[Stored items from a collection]
-*-*-
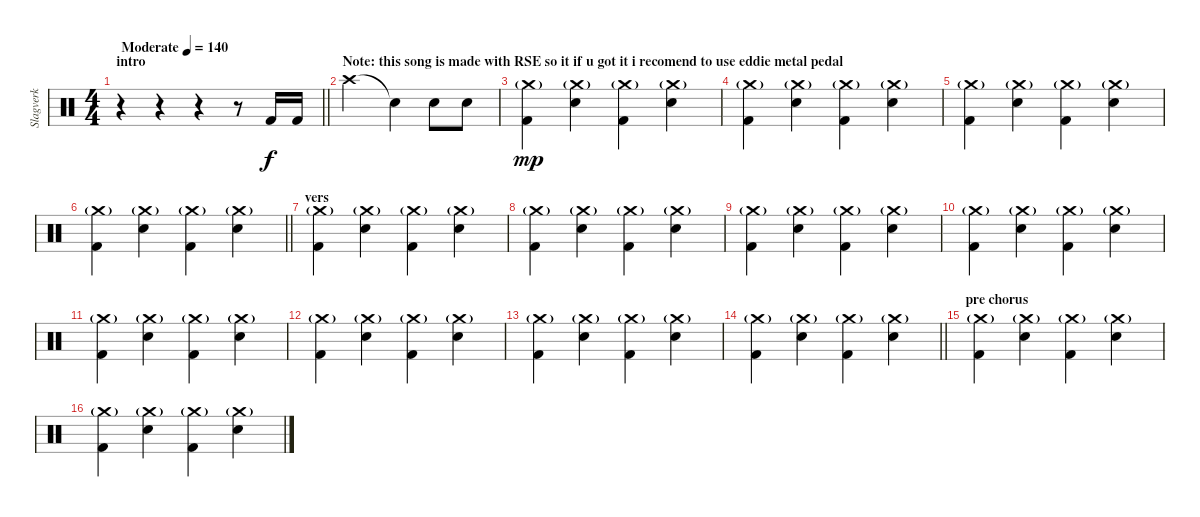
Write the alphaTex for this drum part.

\track ("Slagverk" "Slagverk") {instrument percussion}
\staff {score}
\articulation defaults
\ts (4 4)
\section ("" "intro")
\tempo (140 "Moderate")
\clef neutral
\barLineRight lightlight
\ks c
r.4{dy f} r.4 r.4 r.8 "Kick (hit) 2".16 "Kick (hit) 2".16 |
\section ("" "Note: this song is made with RSE so it if u got it i recomend to use eddie metal pedal")
"Crash high (hit)".2 "Snare (hit)"{t}.4 "Snare (hit) 2".8 "Snare (hit) 2".8 |
("Kick (hit) 2" "Crash medium (hit)"{g}).4{dy mp} ("Snare (hit) 2" "Crash medium (hit)"{g}).4 ("Kick (hit) 2" "Crash medium (hit)"{g}).4 ("Snare (hit) 2" "Crash medium (hit)"{g}).4 |
("Kick (hit) 2" "Crash medium (hit)"{g}).4 ("Snare (hit) 2" "Crash medium (hit)"{g}).4 ("Kick (hit) 2" "Crash medium (hit)"{g}).4 ("Snare (hit) 2" "Crash medium (hit)"{g}).4 |
("Kick (hit) 2" "Crash medium (hit)"{g}).4 ("Snare (hit) 2" "Crash medium (hit)"{g}).4 ("Kick (hit) 2" "Crash medium (hit)"{g}).4 ("Snare (hit) 2" "Crash medium (hit)"{g}).4 |
\barLineRight lightlight
("Kick (hit) 2" "Crash medium (hit)"{g}).4 ("Snare (hit) 2" "Crash medium (hit)"{g}).4 ("Kick (hit) 2" "Crash medium (hit)"{g}).4 ("Snare (hit) 2" "Crash medium (hit)"{g}).4 |
\section ("" "vers")
("Kick (hit) 2" "Crash medium (hit)"{g}).4 ("Snare (hit) 2" "Crash medium (hit)"{g}).4 ("Kick (hit) 2" "Crash medium (hit)"{g}).4 ("Snare (hit) 2" "Crash medium (hit)"{g}).4 |
("Kick (hit) 2" "Crash medium (hit)"{g}).4 ("Snare (hit) 2" "Crash medium (hit)"{g}).4 ("Kick (hit) 2" "Crash medium (hit)"{g}).4 ("Snare (hit) 2" "Crash medium (hit)"{g}).4 |
("Kick (hit) 2" "Crash medium (hit)"{g}).4 ("Snare (hit) 2" "Crash medium (hit)"{g}).4 ("Kick (hit) 2" "Crash medium (hit)"{g}).4 ("Snare (hit) 2" "Crash medium (hit)"{g}).4 |
("Kick (hit) 2" "Crash medium (hit)"{g}).4 ("Snare (hit) 2" "Crash medium (hit)"{g}).4 ("Kick (hit) 2" "Crash medium (hit)"{g}).4 ("Snare (hit) 2" "Crash medium (hit)"{g}).4 |
("Kick (hit) 2" "Crash medium (hit)"{g}).4 ("Snare (hit) 2" "Crash medium (hit)"{g}).4 ("Kick (hit) 2" "Crash medium (hit)"{g}).4 ("Snare (hit) 2" "Crash medium (hit)"{g}).4 |
("Kick (hit) 2" "Crash medium (hit)"{g}).4 ("Snare (hit) 2" "Crash medium (hit)"{g}).4 ("Kick (hit) 2" "Crash medium (hit)"{g}).4 ("Snare (hit) 2" "Crash medium (hit)"{g}).4 |
("Kick (hit) 2" "Crash medium (hit)"{g}).4 ("Snare (hit) 2" "Crash medium (hit)"{g}).4 ("Kick (hit) 2" "Crash medium (hit)"{g}).4 ("Snare (hit) 2" "Crash medium (hit)"{g}).4 |
\barLineRight lightlight
("Kick (hit) 2" "Crash medium (hit)"{g}).4 ("Snare (hit) 2" "Crash medium (hit)"{g}).4 ("Kick (hit) 2" "Crash medium (hit)"{g}).4 ("Snare (hit) 2" "Crash medium (hit)"{g}).4 |
\section ("" "pre chorus")
("Kick (hit) 2" "Crash medium (hit)"{g}).4 ("Snare (hit) 2" "Crash medium (hit)"{g}).4 ("Kick (hit) 2" "Crash medium (hit)"{g}).4 ("Snare (hit) 2" "Crash medium (hit)"{g}).4 |
("Kick (hit) 2" "Crash medium (hit)"{g}).4 ("Snare (hit) 2" "Crash medium (hit)"{g}).4 ("Kick (hit) 2" "Crash medium (hit)"{g}).4 ("Snare (hit) 2" "Crash medium (hit)"{g}).4
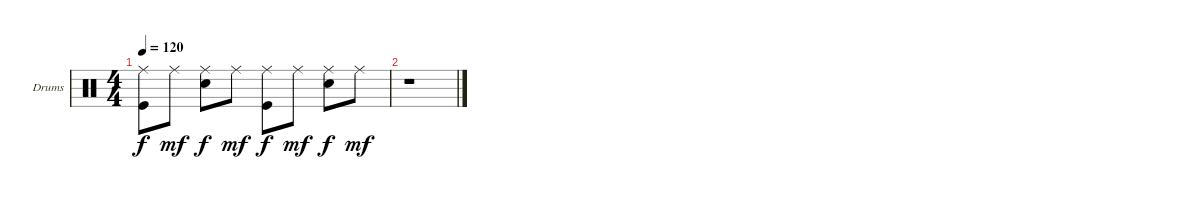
\bracketExtendMode groupsimilarinstruments
\firstSystemTrackNameOrientation horizontal
\otherSystemsTrackNameOrientation horizontal
\chordDiagramsInScore
\track ("Drumkit" "Drums") {instrument percussion}
\staff {score}
\articulation defaults
\ts (4 4)
\tempo 120
\clef neutral
\ks c
("Ride (middle)" "Kick (hit)").8{dy f} "Ride (middle)".8{dy mf} ("Ride (middle)" "Snare (hit) 2").8{dy f} "Ride (middle)".8{dy mf} ("Ride (middle)" "Kick (hit)").8{dy f} "Ride (middle)".8{dy mf} ("Ride (middle)" "Snare (hit) 2").8{dy f} "Ride (middle)".8{dy mf} |
r.1
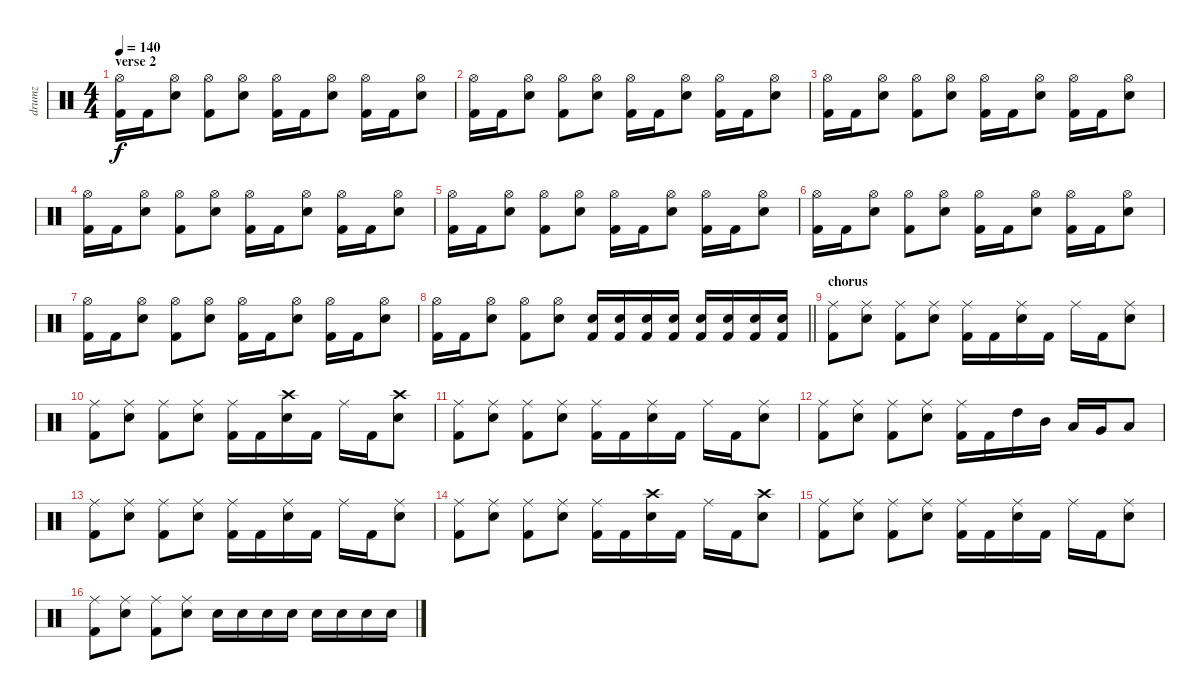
\track ("drumz" "drumz") {instrument percussion}
\staff {score}
\articulation defaults
\ts (4 4)
\section ("" "verse 2")
\tempo 140
\clef neutral
\ks c
("Hi-Hat (open)" "Kick (hit) 2").16{dy f} "Kick (hit) 2".16 ("Hi-Hat (open)" "Electric Snare (hit)").8 ("Hi-Hat (open)" "Kick (hit) 2").8 ("Hi-Hat (open)" "Electric Snare (hit)").8 ("Hi-Hat (open)" "Kick (hit) 2").16 "Kick (hit) 2".16 ("Hi-Hat (open)" "Electric Snare (hit)").8 ("Hi-Hat (open)" "Kick (hit) 2").16 "Kick (hit) 2".16 ("Hi-Hat (open)" "Electric Snare (hit)").8 |
("Hi-Hat (open)" "Kick (hit) 2").16 "Kick (hit) 2".16 ("Hi-Hat (open)" "Electric Snare (hit)").8 ("Hi-Hat (open)" "Kick (hit) 2").8 ("Hi-Hat (open)" "Electric Snare (hit)").8 ("Hi-Hat (open)" "Kick (hit) 2").16 "Kick (hit) 2".16 ("Hi-Hat (open)" "Electric Snare (hit)").8 ("Hi-Hat (open)" "Kick (hit) 2").16 "Kick (hit) 2".16 ("Hi-Hat (open)" "Electric Snare (hit)").8 |
("Hi-Hat (open)" "Kick (hit) 2").16 "Kick (hit) 2".16 ("Hi-Hat (open)" "Electric Snare (hit)").8 ("Hi-Hat (open)" "Kick (hit) 2").8 ("Hi-Hat (open)" "Electric Snare (hit)").8 ("Hi-Hat (open)" "Kick (hit) 2").16 "Kick (hit) 2".16 ("Hi-Hat (open)" "Electric Snare (hit)").8 ("Hi-Hat (open)" "Kick (hit) 2").16 "Kick (hit) 2".16 ("Hi-Hat (open)" "Electric Snare (hit)").8 |
("Hi-Hat (open)" "Kick (hit) 2").16 "Kick (hit) 2".16 ("Hi-Hat (open)" "Electric Snare (hit)").8 ("Hi-Hat (open)" "Kick (hit) 2").8 ("Hi-Hat (open)" "Electric Snare (hit)").8 ("Hi-Hat (open)" "Kick (hit) 2").16 "Kick (hit) 2".16 ("Hi-Hat (open)" "Electric Snare (hit)").8 ("Hi-Hat (open)" "Kick (hit) 2").16 "Kick (hit) 2".16 ("Hi-Hat (open)" "Electric Snare (hit)").8 |
("Hi-Hat (open)" "Kick (hit) 2").16 "Kick (hit) 2".16 ("Hi-Hat (open)" "Electric Snare (hit)").8 ("Hi-Hat (open)" "Kick (hit) 2").8 ("Hi-Hat (open)" "Electric Snare (hit)").8 ("Hi-Hat (open)" "Kick (hit) 2").16 "Kick (hit) 2".16 ("Hi-Hat (open)" "Electric Snare (hit)").8 ("Hi-Hat (open)" "Kick (hit) 2").16 "Kick (hit) 2".16 ("Hi-Hat (open)" "Electric Snare (hit)").8 |
("Hi-Hat (open)" "Kick (hit) 2").16 "Kick (hit) 2".16 ("Hi-Hat (open)" "Electric Snare (hit)").8 ("Hi-Hat (open)" "Kick (hit) 2").8 ("Hi-Hat (open)" "Electric Snare (hit)").8 ("Hi-Hat (open)" "Kick (hit) 2").16 "Kick (hit) 2".16 ("Hi-Hat (open)" "Electric Snare (hit)").8 ("Hi-Hat (open)" "Kick (hit) 2").16 "Kick (hit) 2".16 ("Hi-Hat (open)" "Electric Snare (hit)").8 |
("Hi-Hat (open)" "Kick (hit) 2").16 "Kick (hit) 2".16 ("Hi-Hat (open)" "Electric Snare (hit)").8 ("Hi-Hat (open)" "Kick (hit) 2").8 ("Hi-Hat (open)" "Electric Snare (hit)").8 ("Hi-Hat (open)" "Kick (hit) 2").16 "Kick (hit) 2".16 ("Hi-Hat (open)" "Electric Snare (hit)").8 ("Hi-Hat (open)" "Kick (hit) 2").16 "Kick (hit) 2".16 ("Hi-Hat (open)" "Electric Snare (hit)").8 |
\barLineRight lightlight
("Hi-Hat (open)" "Kick (hit) 2").16 "Kick (hit) 2".16 ("Hi-Hat (open)" "Electric Snare (hit)").8 ("Hi-Hat (open)" "Kick (hit) 2").8 ("Hi-Hat (open)" "Electric Snare (hit)").8 ("Electric Snare (hit)" "Kick (hit) 2").16 ("Electric Snare (hit)" "Kick (hit) 2").16 ("Electric Snare (hit)" "Kick (hit) 2").16 ("Electric Snare (hit)" "Kick (hit) 2").16 ("Electric Snare (hit)" "Kick (hit) 2").16 ("Electric Snare (hit)" "Kick (hit) 2").16 ("Electric Snare (hit)" "Kick (hit) 2").16 ("Electric Snare (hit)" "Kick (hit) 2").16 |
\section ("" "chorus")
("Ride (middle)" "Kick (hit) 2").8 ("Ride (middle)" "Electric Snare (hit)").8 ("Ride (middle)" "Kick (hit) 2").8 ("Ride (middle)" "Electric Snare (hit)").8 ("Ride (middle)" "Kick (hit) 2").16 "Kick (hit) 2".16 ("Ride (middle)" "Electric Snare (hit)").16 "Kick (hit) 2".16 "Ride (middle)".16 "Kick (hit) 2".16 ("Ride (middle)" "Electric Snare (hit)").8 |
("Ride (middle)" "Kick (hit) 2").8 ("Ride (middle)" "Electric Snare (hit)").8 ("Ride (middle)" "Kick (hit) 2").8 ("Ride (middle)" "Electric Snare (hit)").8 ("Ride (middle)" "Kick (hit) 2").16 "Kick (hit) 2".16 ("Crash high (hit)" "Electric Snare (hit)").16 "Kick (hit) 2".16 "Ride (middle)".16 "Kick (hit) 2".16 ("Crash high (hit)" "Electric Snare (hit)").8 |
("Ride (middle)" "Kick (hit) 2").8 ("Ride (middle)" "Electric Snare (hit)").8 ("Ride (middle)" "Kick (hit) 2").8 ("Ride (middle)" "Electric Snare (hit)").8 ("Ride (middle)" "Kick (hit) 2").16 "Kick (hit) 2".16 ("Ride (middle)" "Electric Snare (hit)").16 "Kick (hit) 2".16 "Ride (middle)".16 "Kick (hit) 2".16 ("Ride (middle)" "Electric Snare (hit)").8 |
("Ride (middle)" "Kick (hit) 2").8 ("Ride (middle)" "Electric Snare (hit)").8 ("Ride (middle)" "Kick (hit) 2").8 ("Ride (middle)" "Electric Snare (hit)").8 ("Ride (middle)" "Kick (hit) 2").16 "Kick (hit) 2".16 "High Tom (hit)".16 "Mid Tom (hit)".16 "Low Tom (hit)".16 "Very Low Tom (hit)".16 "Low Floor Tom (hit)".8 |
("Ride (middle)" "Kick (hit) 2").8 ("Ride (middle)" "Electric Snare (hit)").8 ("Ride (middle)" "Kick (hit) 2").8 ("Ride (middle)" "Electric Snare (hit)").8 ("Ride (middle)" "Kick (hit) 2").16 "Kick (hit) 2".16 ("Ride (middle)" "Electric Snare (hit)").16 "Kick (hit) 2".16 "Ride (middle)".16 "Kick (hit) 2".16 ("Ride (middle)" "Electric Snare (hit)").8 |
("Ride (middle)" "Kick (hit) 2").8 ("Ride (middle)" "Electric Snare (hit)").8 ("Ride (middle)" "Kick (hit) 2").8 ("Ride (middle)" "Electric Snare (hit)").8 ("Ride (middle)" "Kick (hit) 2").16 "Kick (hit) 2".16 ("Crash high (hit)" "Electric Snare (hit)").16 "Kick (hit) 2".16 "Ride (middle)".16 "Kick (hit) 2".16 ("Crash high (hit)" "Electric Snare (hit)").8 |
("Ride (middle)" "Kick (hit) 2").8 ("Ride (middle)" "Electric Snare (hit)").8 ("Ride (middle)" "Kick (hit) 2").8 ("Ride (middle)" "Electric Snare (hit)").8 ("Ride (middle)" "Kick (hit) 2").16 "Kick (hit) 2".16 ("Ride (middle)" "Electric Snare (hit)").16 "Kick (hit) 2".16 "Ride (middle)".16 "Kick (hit) 2".16 ("Ride (middle)" "Electric Snare (hit)").8 |
("Ride (middle)" "Kick (hit) 2").8 ("Ride (middle)" "Electric Snare (hit)").8 ("Ride (middle)" "Kick (hit) 2").8 ("Ride (middle)" "Electric Snare (hit)").8 "Electric Snare (hit)".16 "Electric Snare (hit)".16 "Electric Snare (hit)".16 "Electric Snare (hit)".16 "Electric Snare (hit)".16 "Electric Snare (hit)".16 "Electric Snare (hit)".16 "Electric Snare (hit)".16
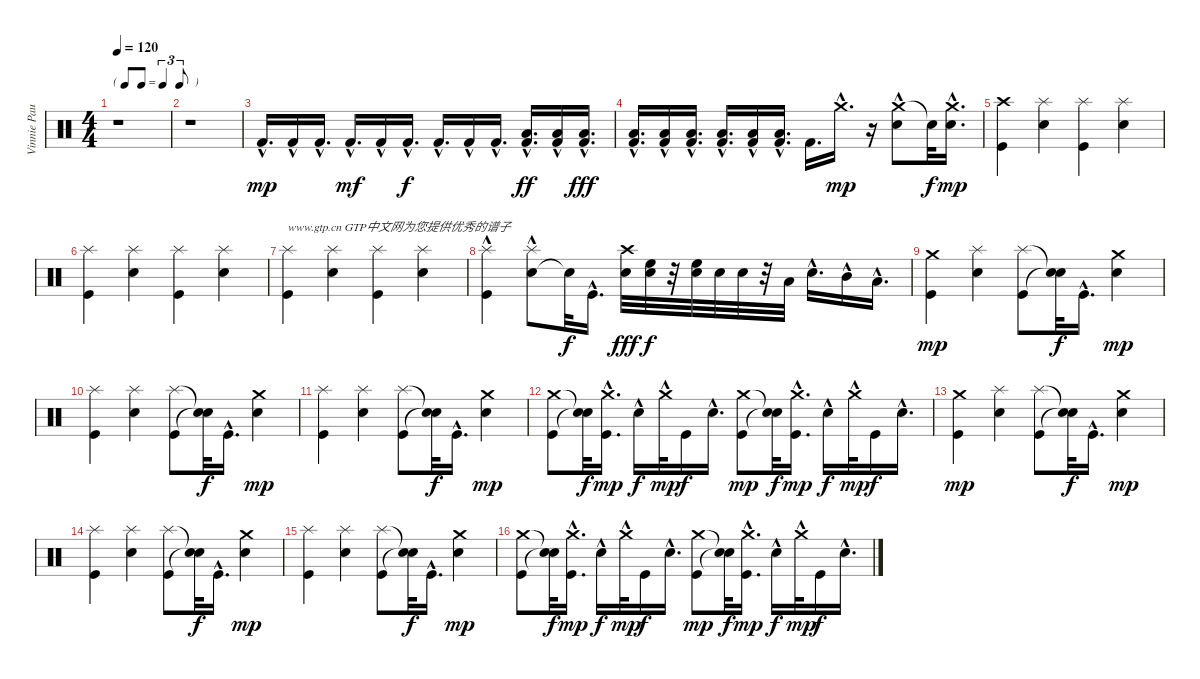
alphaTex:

\track ("Vinnie Paul (Drums)" "Vinnie Pau") {instrument percussion}
\staff {score}
\articulation defaults
\ts (4 4)
\tf triplet8th
\tempo 120
\clef neutral
\ks c
r.1{dy mp} |
r.1 |
"Kick (hit) 2"{hac}.16{d} "Kick (hit) 2"{hac}.16 "Kick (hit) 2"{hac}.16{d} "Kick (hit) 2"{hac}.16{d dy mf} "Kick (hit) 2"{hac}.16 "Kick (hit) 2"{hac}.16{d dy f} "Kick (hit) 2"{hac}.16{d} "Kick (hit) 2"{hac}.16 "Kick (hit) 2"{hac}.16{d} ("Low Floor Tom (hit)"{hac} "Kick (hit) 2"{hac}).16{d dy ff} ("Low Floor Tom (hit)"{hac} "Kick (hit) 2"{hac}).16 ("Low Floor Tom (hit)"{hac} "Kick (hit) 2"{hac}).16{d dy fff} |
("Low Floor Tom (hit)"{hac} "Kick (hit) 2"{hac}).16{d} ("Low Floor Tom (hit)"{hac} "Kick (hit) 2"{hac}).16 ("Low Floor Tom (hit)"{hac} "Kick (hit) 2"{hac}).16{d} ("Low Floor Tom (hit)"{hac} "Kick (hit) 2"{hac}).16{d} ("Low Floor Tom (hit)"{hac} "Kick (hit) 2"{hac}).16 ("Low Floor Tom (hit)"{hac} "Kick (hit) 2"{hac}).16{d} "Kick (hit) 2".16{d} "Crash medium (hit)"{hac}.16{d dy mp} r.16 ("Crash medium (hit)"{hac} "Snare (hit) 2").8 "Snare (hit)"{t}.32{dy f} ("Snare (hit) 2"{hac} "Crash medium (hit)"{hac}).16{d dy mp} |
("Kick (hit)" "Crash high (hit)").4 ("Splash (hit)" "Electric Snare (hit)").4 ("Kick (hit)" "Splash (hit)").4 ("Electric Snare (hit)" "Splash (hit)").4 |
("Kick (hit)" "Splash (hit)").4 ("Electric Snare (hit)" "Splash (hit)").4 ("Kick (hit)" "Splash (hit)").4 ("Electric Snare (hit)" "Splash (hit)").4 |
("Splash (hit)" "Kick (hit)").4{txt "www.gtp.cn GTP中文网为您提供优秀的谱子"} ("Splash (hit)" "Electric Snare (hit)").4 ("Splash (hit)" "Kick (hit)").4 ("Splash (hit)" "Electric Snare (hit)").4 |
("Kick (hit)"{hac} "Splash (hit)").4 ("Electric Snare (hit)"{hac} "Splash (hit)").8 "Snare (hit)"{t}.32{dy f} "Kick (hit)"{hac}.16{d} ("Electric Snare (hit)" "Crash high (hit)").32{dy fff} ("Electric Snare (hit)" "High Floor Tom (hit)").32{dy f} r.32 ("Electric Snare (hit)" "High Floor Tom (hit)").32 "Electric Snare (hit)".32 "Electric Snare (hit)".32 r.32 "Low Tom (hit)".32 "Electric Snare (hit)"{hac}.16{d} "Mid Tom (hit)"{hac}.16 "Low Tom (hit)"{hac}.16{d} |
("Kick (hit)" "Crash medium (hit)").4{dy mp} ("Electric Snare (hit)" "Splash (hit)").4 ("Kick (hit)" "Splash (hit)").8 ("Snare (hit)"{t} "Snare (hit)"{t}).32{dy f} "Kick (hit)"{hac}.16{d} ("Electric Snare (hit)" "Crash medium (hit)").4{dy mp} |
("Kick (hit)" "Splash (hit)").4 ("Electric Snare (hit)" "Splash (hit)").4 ("Kick (hit)" "Splash (hit)").8 ("Snare (hit)"{t} "Snare (hit)"{t}).32{dy f} "Kick (hit)"{hac}.16{d} ("Electric Snare (hit)" "Crash medium (hit)").4{dy mp} |
("Kick (hit)" "Splash (hit)").4 ("Electric Snare (hit)" "Splash (hit)").4 ("Kick (hit)" "Splash (hit)").8 ("Snare (hit)"{t} "Snare (hit)"{t}).32{dy f} "Kick (hit)"{hac}.16{d} ("Electric Snare (hit)" "Crash medium (hit)").4{dy mp} |
("Crash medium (hit)" "Kick (hit)").8 ("Snare (hit)"{t} "Snare (hit)"{t}).32{dy f} ("Crash medium (hit)"{hac} "Kick (hit)").16{d dy mp} "Electric Snare (hit)"{hac}.16{dy f} "Crash medium (hit)"{hac}.32{dy mp} "Kick (hit)".16{dy f} "Electric Snare (hit)"{hac}.16{d} ("Crash medium (hit)" "Kick (hit)").8{dy mp} ("Snare (hit)"{t} "Snare (hit)"{t}).32{dy f} ("Crash medium (hit)"{hac} "Kick (hit)").16{d dy mp} "Electric Snare (hit)"{hac}.16{dy f} "Crash medium (hit)"{hac}.32{dy mp} "Kick (hit)".16{dy f} "Electric Snare (hit)"{hac}.16{d} |
("Kick (hit)" "Crash medium (hit)").4{dy mp} ("Electric Snare (hit)" "Splash (hit)").4 ("Kick (hit)" "Splash (hit)").8 ("Snare (hit)"{t} "Snare (hit)"{t}).32{dy f} "Kick (hit)"{hac}.16{d} ("Electric Snare (hit)" "Crash medium (hit)").4{dy mp} |
("Kick (hit)" "Splash (hit)").4 ("Electric Snare (hit)" "Splash (hit)").4 ("Kick (hit)" "Splash (hit)").8 ("Snare (hit)"{t} "Snare (hit)"{t}).32{dy f} "Kick (hit)"{hac}.16{d} ("Electric Snare (hit)" "Crash medium (hit)").4{dy mp} |
("Kick (hit)" "Splash (hit)").4 ("Electric Snare (hit)" "Splash (hit)").4 ("Kick (hit)" "Splash (hit)").8 ("Snare (hit)"{t} "Snare (hit)"{t}).32{dy f} "Kick (hit)"{hac}.16{d} ("Electric Snare (hit)" "Crash medium (hit)").4{dy mp} |
("Crash medium (hit)" "Kick (hit)").8 ("Snare (hit)"{t} "Snare (hit)"{t}).32{dy f} ("Crash medium (hit)"{hac} "Kick (hit)").16{d dy mp} "Electric Snare (hit)"{hac}.16{dy f} "Crash medium (hit)"{hac}.32{dy mp} "Kick (hit)".16{dy f} "Electric Snare (hit)"{hac}.16{d} ("Crash medium (hit)" "Kick (hit)").8{dy mp} ("Snare (hit)"{t} "Snare (hit)"{t}).32{dy f} ("Crash medium (hit)"{hac} "Kick (hit)").16{d dy mp} "Electric Snare (hit)"{hac}.16{dy f} "Crash medium (hit)"{hac}.32{dy mp} "Kick (hit)".16{dy f} "Electric Snare (hit)"{hac}.16{d}
-*-*-
> **WHAT IS EXPECTED**:
Every line above holding the string "section" should be listed.

> **SOLUTION TO THIS EXERCISE**:
\section ("" "intro")
\section ("" "Note: this song is made with RSE so it if u got it i recomend to use eddie metal pedal")
\section ("" "vers")
\section ("" "pre chorus")
\section ("" "verse 2")
\section ("" "chorus")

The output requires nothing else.